What the task requires: Repeat only the lines below from the one that contains "Now the electrical component (301,0,396,38)." through the final line, exactly. Omit pictures.

Material supplied:

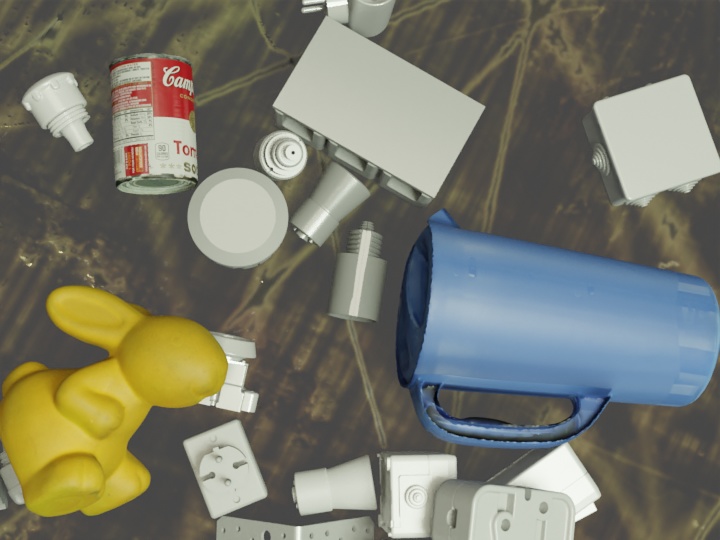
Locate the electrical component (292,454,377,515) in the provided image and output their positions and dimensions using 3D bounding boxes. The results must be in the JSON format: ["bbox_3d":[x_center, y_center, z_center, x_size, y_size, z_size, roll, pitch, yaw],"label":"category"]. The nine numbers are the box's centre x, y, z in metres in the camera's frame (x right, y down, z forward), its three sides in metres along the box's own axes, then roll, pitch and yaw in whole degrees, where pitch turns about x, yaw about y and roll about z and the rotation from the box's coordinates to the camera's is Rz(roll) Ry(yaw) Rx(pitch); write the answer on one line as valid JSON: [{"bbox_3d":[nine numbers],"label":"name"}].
[{"bbox_3d":[-0.022,0.176,0.866,0.065,0.044,0.044,-9,84,-1],"label":"electrical component"}]

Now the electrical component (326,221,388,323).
[{"bbox_3d":[0.000,0.000,0.888,0.043,0.043,0.081,10,82,-4],"label":"electrical component"}]

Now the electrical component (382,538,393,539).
[{"bbox_3d":[0.054,0.244,0.827,0.078,0.113,0.057,9,79,-4],"label":"electrical component"}]

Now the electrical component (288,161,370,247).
[{"bbox_3d":[-0.028,-0.052,0.894,0.044,0.044,0.065,39,86,1],"label":"electrical component"}]

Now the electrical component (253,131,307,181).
[{"bbox_3d":[-0.063,-0.094,0.880,0.040,0.078,0.040,-1,93,-15],"label":"electrical component"}]

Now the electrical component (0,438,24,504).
[{"bbox_3d":[-0.269,0.152,0.851,0.035,0.035,0.061,-27,83,-8],"label":"electrical component"}]

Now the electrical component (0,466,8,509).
[{"bbox_3d":[-0.317,0.150,0.839,0.056,0.050,0.089,-13,84,-7],"label":"electrical component"}]

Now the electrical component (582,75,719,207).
[{"bbox_3d":[0.247,-0.108,0.919,0.100,0.048,0.099,-18,85,-7],"label":"electrical component"}]

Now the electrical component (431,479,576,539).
[{"bbox_3d":[0.102,0.185,0.791,0.095,0.059,0.053,12,80,-29],"label":"electrical component"}]

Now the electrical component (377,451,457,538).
[{"bbox_3d":[0.049,0.175,0.843,0.061,0.096,0.061,0,83,-5],"label":"electrical component"}]

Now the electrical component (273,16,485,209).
[{"bbox_3d":[0.013,-0.128,0.896,0.150,0.061,0.089,30,81,-1],"label":"electrical component"}]

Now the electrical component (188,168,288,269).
[{"bbox_3d":[-0.099,-0.040,0.880,0.080,0.051,0.080,1,83,-5],"label":"electrical component"}]

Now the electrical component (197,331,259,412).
[{"bbox_3d":[-0.111,0.081,0.868,0.066,0.048,0.055,13,89,-3],"label":"electrical component"}]

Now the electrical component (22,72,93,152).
[{"bbox_3d":[-0.243,-0.128,0.884,0.048,0.048,0.062,-33,93,-8],"label":"electrical component"}]

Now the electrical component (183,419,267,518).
[{"bbox_3d":[-0.106,0.156,0.843,0.047,0.076,0.065,-21,85,-7],"label":"electrical component"}]

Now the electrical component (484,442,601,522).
[{"bbox_3d":[0.137,0.187,0.867,0.096,0.061,0.061,-33,87,-8],"label":"electrical component"}]

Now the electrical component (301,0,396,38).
[{"bbox_3d":[-0.010,-0.225,0.898,0.079,0.077,0.044,-9,84,-6],"label":"electrical component"}]
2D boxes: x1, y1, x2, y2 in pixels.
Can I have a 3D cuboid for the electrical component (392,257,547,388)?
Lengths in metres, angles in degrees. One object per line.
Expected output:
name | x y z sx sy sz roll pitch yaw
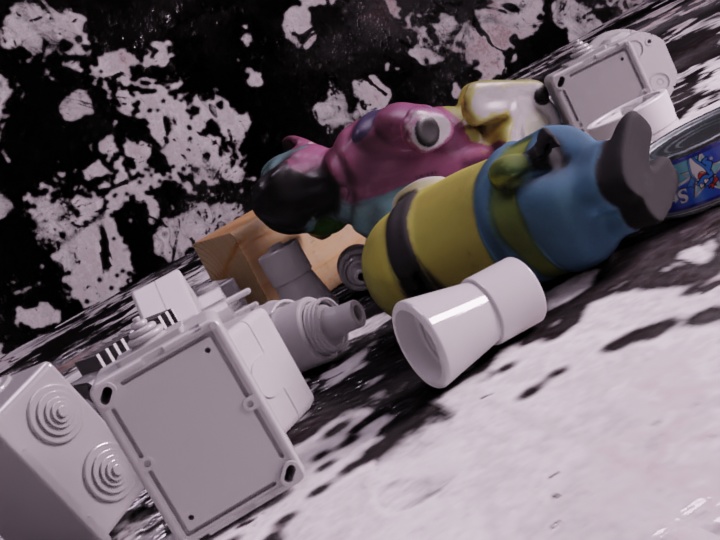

Reply:
Now the electrical component (301,0,396,38).
[{"bbox_3d":[-0.010,-0.225,0.898,0.079,0.077,0.044,-9,84,-6],"label":"electrical component"}]
2D boxes: x1, y1, x2, y2 in pixels.
Can I have a 3D cuboid for the electrical component (392,257,547,388)?
Lengths in metres, angles in degrees. One object per line.
Expected output:
name | x y z sx sy sz roll pitch yaw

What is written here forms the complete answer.